Eugène Corbin was born in 1800 to one of the leading families of Bourges.
He married Victorine Boin, daughter of Antoine-Victor Boin, a doctor who was deputy for the department of Cher from 1815 to 1827.
Eugène Corbin was appointed substitut (deputy) procureur-général at the royal court of Bourges in August 1830.
He also worked for the court at Angers. He was known for his ability as a speaker.

==Second Republic==
During the French Second Republic, Corbin ran unsuccessfully as a conservative candidate in the May 1849 national elections.
He blamed his defeat on "red" candidates who claimed to be the true representatives of the people and promised to tax the rich and give the money to the poor.
After the attempted insurrection of 13 June 1849 Corbin persecuted the opponents of Louis Napoleon in the departments of Cher, Indre and Nièvre, and forced them to go underground
The secret societies they formed did not at first seem to be a serious threat.
Corbin said that some of the "montagnardes" who spread the ideas of a social and democratic republic were relatively well-educated men, with professional status, the best example being Félix Pyat, a lyrical and admired orator.
More typically they were letter carriers, railway officials, teachers and minor officials.

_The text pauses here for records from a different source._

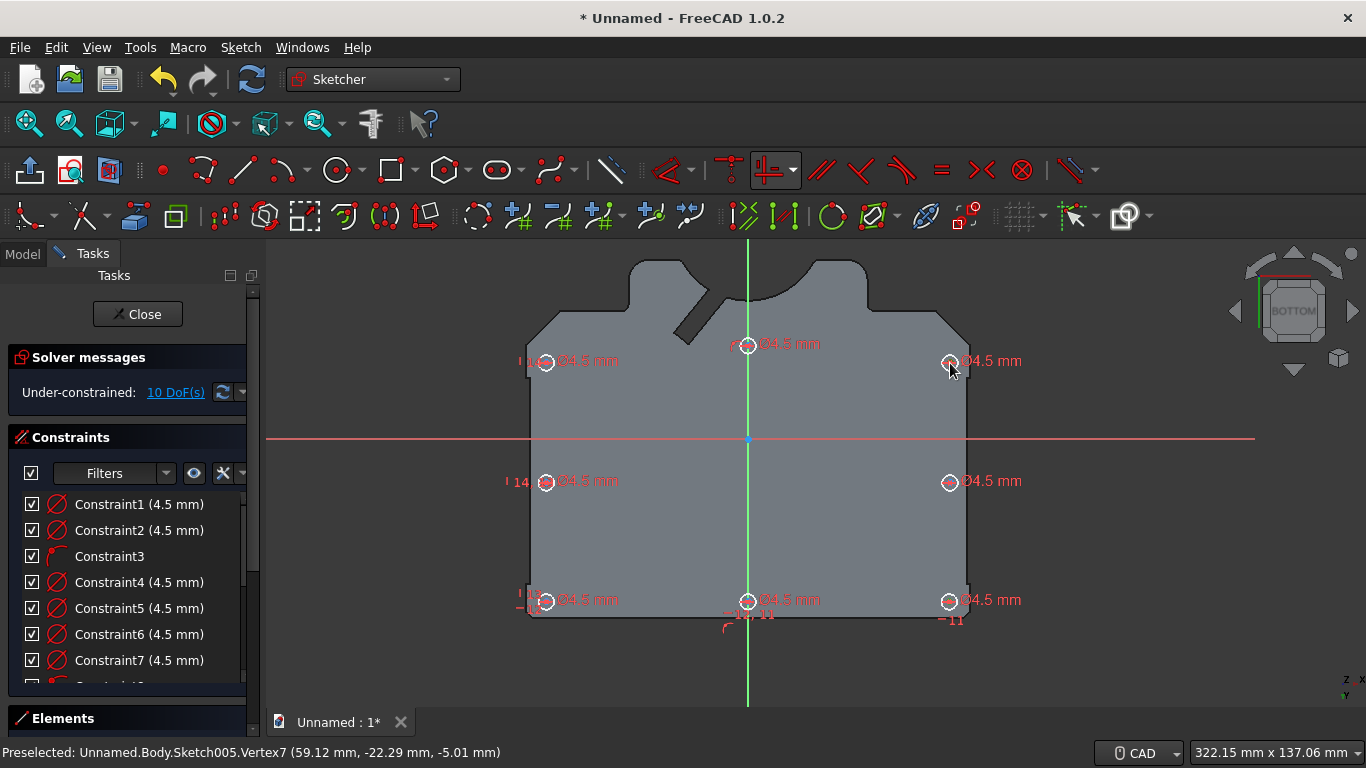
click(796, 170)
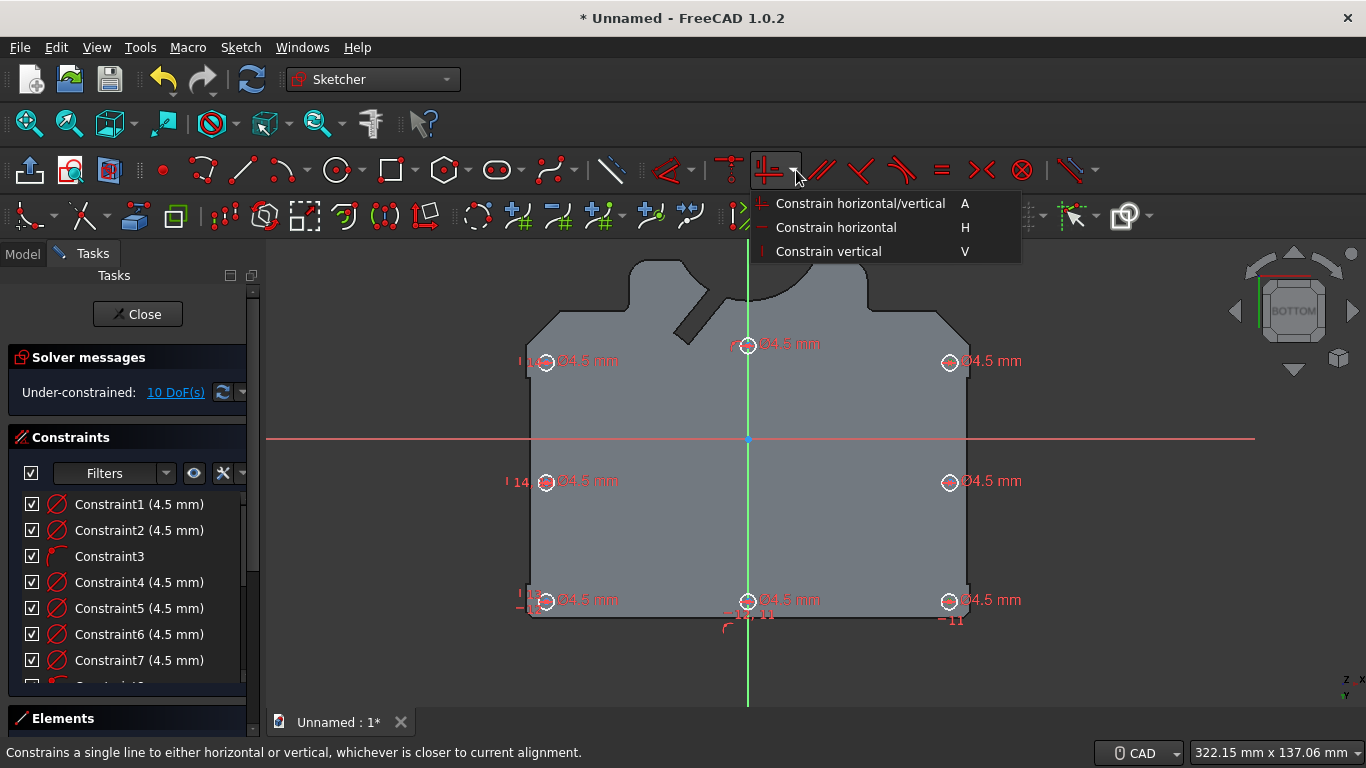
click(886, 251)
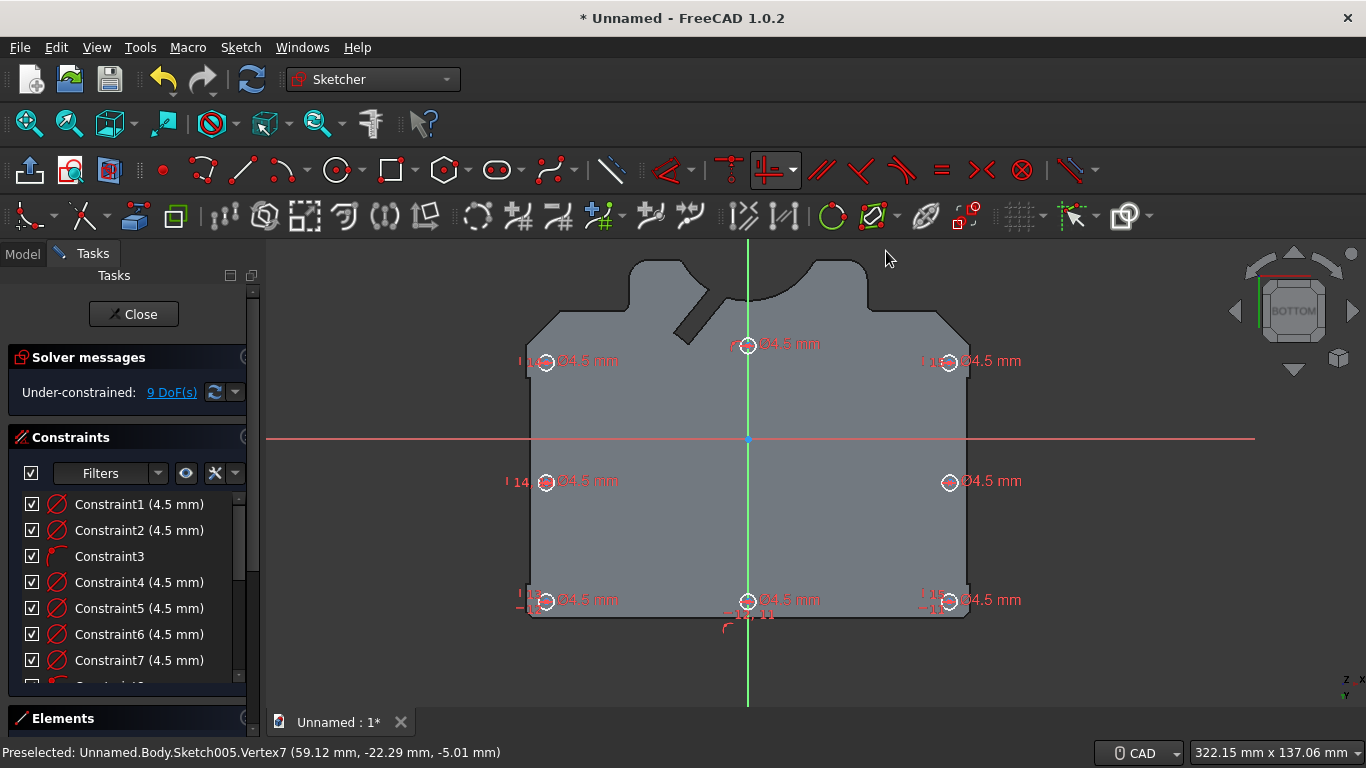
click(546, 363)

Corbin became procureur-général at Bourges on 3 November 1849.
On 19 November 1850 Corbin asked the legislative assembly for authority to pursue two of its members.
In December 1850 Corbin talked of an "Amelioration de l'esprit public" (improvement in public feeling).
However, tensions mounted and early in September 1851 he launched a huge hunt against the Republicans.
In justifying his actions Corbin spoke of revolutionaries who exploited working class poverty and the plight of farmers. He described secret initiation ceremonies with solemn oaths and raised the specter of a return to the anarchy and violence of the first French Revolution.
In the autumn of 1851 two military commissions arrested 1,200 people in the Cher department, of whom 857 were given sentences that ranged from being placed under surveillance to deportation.

Corbin was appointed Minister of Justice on 26 October 1851 by Louis-Napoleon Bonaparte.
He was to replace Eugène Rouher, whose resignation had been accepted.
Charles Giraud, Minister of Education and Religious Affairs, was named interim minister of justice in Corbin's absence.
Corbin did not accept the appointment.
On 1 November 1851 Alfred Daviel was made keeper of the seals and minister of justice.

==Later career==

Corbin retained his position at the court of Bourges. He addressed the court at an opening ceremony on 3 November 1851.
Corbin replaced Claude Denis Mater as first president of the Bourges Court of Appeals in 1852.
He held office until 1870, when he was succeeded by Louis Baudouin.
During the Franco-Prussian War (19 July 1870 – 10 May 1871), on 20 September 1870 he addressed the National Assembly on the emergency situation.

Eugène Corbin was awarded the rank of commander of the Legion of Honour. He died in 1874.